Nila tak percaya dengan apa yang dia lihat di depannya, "Devan? Anjani?"

"Hai Danila," ujar Anjani sambil berjalan mendekati Nila.

"Mau apa kalian?!"

"Kita mau lo mati?! Kita mau El rasain apa yang kita rasain dengan kehilangan saudara!" Anjani dengan kasar menjambak rambut Nila, membuat Nila meringis kesakitan.

"Bukannya lo itu sayang sama kak El, tapi kenapa lo mau buat dia sedih!" Balas Nila emosi.

"Hahaha, iya dulu gue sayang banget sama dia, tapi lo selalu jadi penghalang buat hubungan gue sama dia!"

Sedangkan Devan dengan sengaja merekam perdebatan Anjani dan Nila, senyum licik selalu terpancar dari bibirnya.

"Lepasin gue! Kalian semua jahat, dan lo Devan kenapa lo lakuin ini sama gue, kemarin lo bilang sayang sekarang nyatanya lo mau ikut ngancurin gue!" Ujar Nila menatap Anjani dan Devan bergantian.

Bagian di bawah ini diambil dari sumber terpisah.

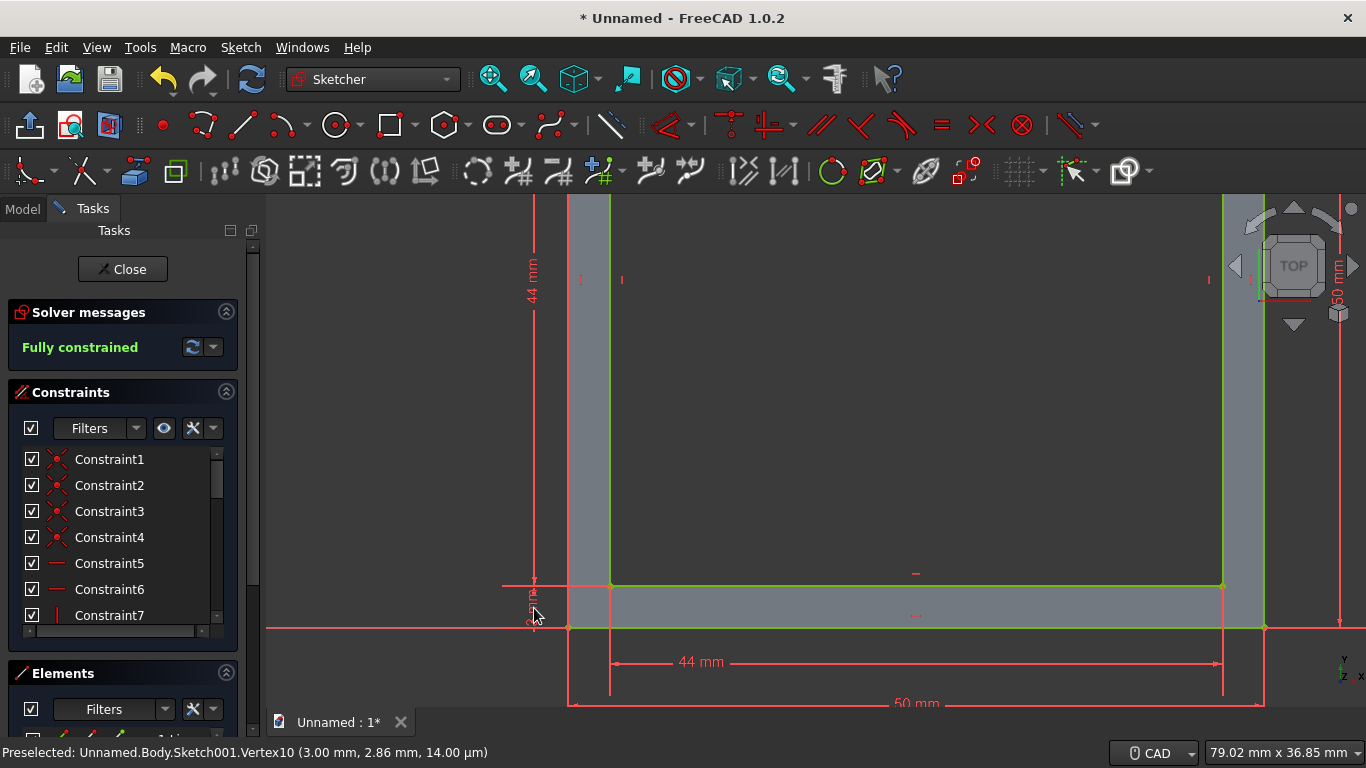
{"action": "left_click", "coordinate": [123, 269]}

"Sayang? Mimpi lo!" Balas Devan santai.

Nila sangat tak percaya dengan apa yang di lakukan Anjani dan Devan, dia tak pernah menyangka mereka akan sedendam ini.

"Tama sudah tenang di sana, kenapa kalian sedendam ini. Percayalah dendam kalian gak ngebuat Tama bahagia di sana, apa kalian gak mikirin itu?" Kata Nila dengan Isak tangis, Devan dan Anjani langsung menatapnya tajam.

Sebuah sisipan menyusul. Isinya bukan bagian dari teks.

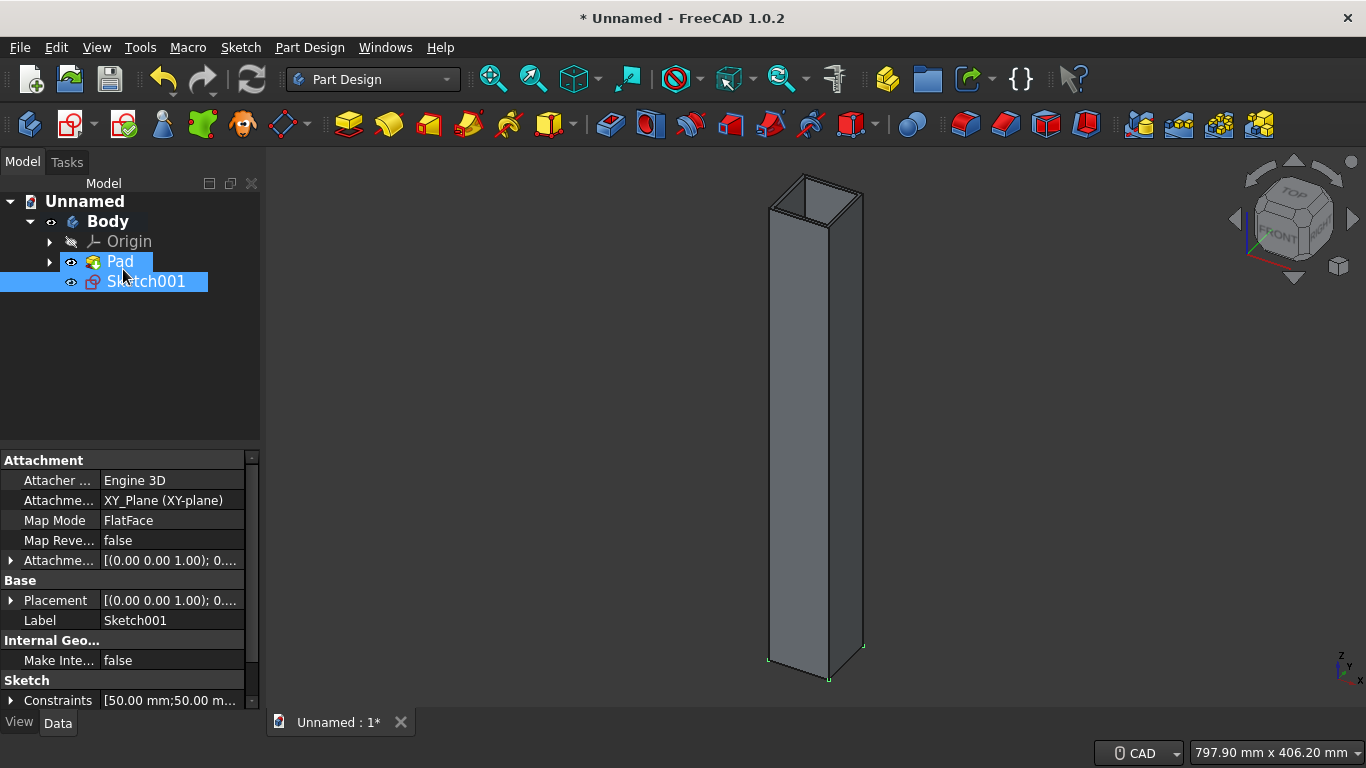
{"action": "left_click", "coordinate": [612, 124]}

"Gak usah sok nyeramahin kita! Karena lo, gue harus kehilangan kakak!" Emosi Devan sudah tak terkendali, dia langsung menampar Nila cukup keras.

"Cepat lo kirim rekaman itu ke El," perintah Anjani pada adik laki-lakinya.

"Rekaman? Rekaman apa?" Bingung Nila.

Dengan cepat Devan langsung mengirim rekaman video perdebatan Nila dan Anjani ke El.

Sedangkan di tempat lain, El sudah mencari Nila ke berbagai tempat di Bandung yang suka ia dan Nila datangi, tapi tak mendapat hasil apapun. Kini ke lima cowok itu sedang berada di sebuah caffe.

"Adek gue di mana?" Gumam El sedih.

"Tenang El, kita bakal bantu lo terus," kata Al meyakinkan El.

Drrttt...drrrrtt

El mengambil ponselnya yang bergetar, ternyata ada notifikasi Line masuk ke dalam ponselnya. Dengan cepat El membukanya, dia mengernyit bingung saat melihat ada yang mengiriminya rekaman video. El membuka rekaman video tersebut, betapa terkejutnya dia saat yang ia lihat adalah adiknya yang tengah disiksa oleh Anjani. Begitupun Al, Kenan, Joshua dan Axel yang melihat rekaman video itu cukup kaget.

El mengacak rambutnya frustasi, dia benar-benar merasa gagal menjadi kakak.

"Ayo cepet El, tunggu apa lagi?! Kita tolongin adek lo," ujar Kenan membuyarkan lamunan El.

El yang tersadar dari lamunan nya pun langsung berlari keluar caffe, membuat ke empat cowok itu cengo.

"Lah sekarang kita di tinggal," kata Al.

Keempat cowok itu pun langsung menyusul El keluar caffe, mereka langsung menjalankan mobilnya ke arah rumah Anjani, karena El sangat tau itu adalah gudang belakang rumah Anjani.

Di gudang itu Nila masih terus meringis kesakitan saat setiap tamparan mendarat di pipinya. Dadanya sudah sedikit sakit, tapi dia tetap berusaha kuat. Dia tak mau mati konyol di hadapan Anjani dan Devan.

"Ini belum seberapa Nila, kita belum puas sebelum lo mati!" Ujar Anjani dengan mengarahkan pisau ke wajah Nila.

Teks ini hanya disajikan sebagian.